VDC – A senhora já tinha ficado tanto tempo sem tocar violão assim?

– Não, nunca Eu tinha seis shows tinha dois que era aqui, em São Paulo, o resto era pra fora. Mas aí eu fiquei muito ruim. Até agora ainda não estou bem, tô mais ou menos, graças a Deus…

VDC – A senhora toca violão desde garota. Já tinha ficado 5 meses sem pegar num violão?

– Nunca.

VDC – E a saudade?

– O que é que a gente vai fazer? Tudo é como Deus quer, não é como nós quer, não é?
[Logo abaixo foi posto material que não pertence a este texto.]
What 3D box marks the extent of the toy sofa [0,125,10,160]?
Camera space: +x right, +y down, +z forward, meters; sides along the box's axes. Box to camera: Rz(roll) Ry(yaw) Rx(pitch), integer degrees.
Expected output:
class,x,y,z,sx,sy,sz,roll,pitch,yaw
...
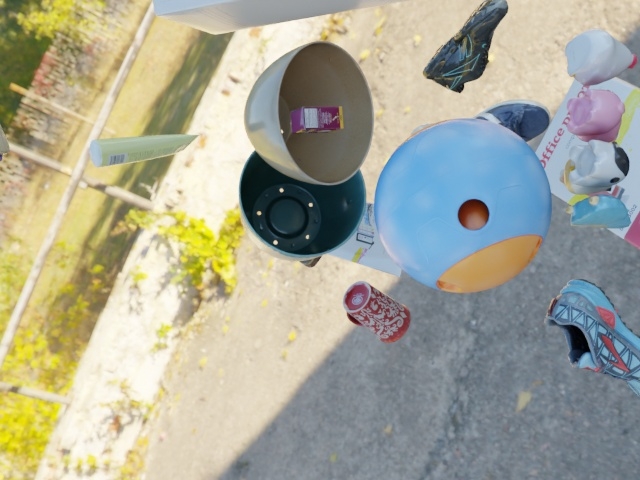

O que a gente tem que passar, a gente tem que passar. “Mode” boi de carro, eu morro de pé mas não morro deitada.


VDC – Quando é que a senhora acha que volta a tocar?

– Olha menina, eu não sei, só Deus poderia saber. Agora eu não posso te falar, por que quem sabe é só Deus. Às vez eu posso falar que pode ser agora, às vez pode ser pra mais tempo. Mas eu vou ser teimosa, eu vou teimar.


VDC – Eu vi uma pessoa com um violão lá no cinema, a  senhora toca sempre com o mesmo violão, ou qualquer um serve?

– Não, aquele violãozinho é famoso..  Aquele violão eu toco pra todo lado.  Por que eu tenho um que veio pra  mim dos Estados Unidos. Ele é muito pesado, eu não  agüento com ele. Ele é muito pesado, mesmo.  Tem uma mulher que ofereceu quinze mil no meu violão.  Por vinte mil eu dou meu violão. Meu fio não quer que venda, mas eu vou  vender. Não güento com ele.  É grandão, mas é lindo. Muito bonito ele…

VDC – Mas e esse que a senhora toca, é de onde?

– É aqui de São Paulo, Eu ganhei numa loja lá.  Eu cheguei e apreçei ele. “Quanto que custa esse violão?” “Trezentos e cinquenta.” Falei: “Ui, ai”. Aí eu olhei, olhei,  e falei pro dono: “Escuta uma coisa”- cê vê como eu tenho sorte – “Pela primeira vez que eu entrei na sua loja e vim apreçar um violão, você podia me dar…” Ele falou: “É seu, pode levar”. Ele pegou a capa, pôs o  violão dentro da capa e disse “Esse é seu, não custa nada para a senhora”. Faz muito tempo que ele está rodando comigo. Porque ele é pequenininho.

VDC – Eu fiquei preocupada por que a senhora falou no filme que deram um tiro no seu violão…

– (Rindo pela primeira vez) Aquele já foi embora faz muito anos! Tem é tempo… Só que eu tô com esse homem, tá com 46 anos que eu tô com ele, que me tirou dos puteiros, lá do Porto XV.  Isso foi naquele tempo ainda… foi antes…  Foi no tempo do puteiro mesmo. Eu estava tocando num bar no Porto XV.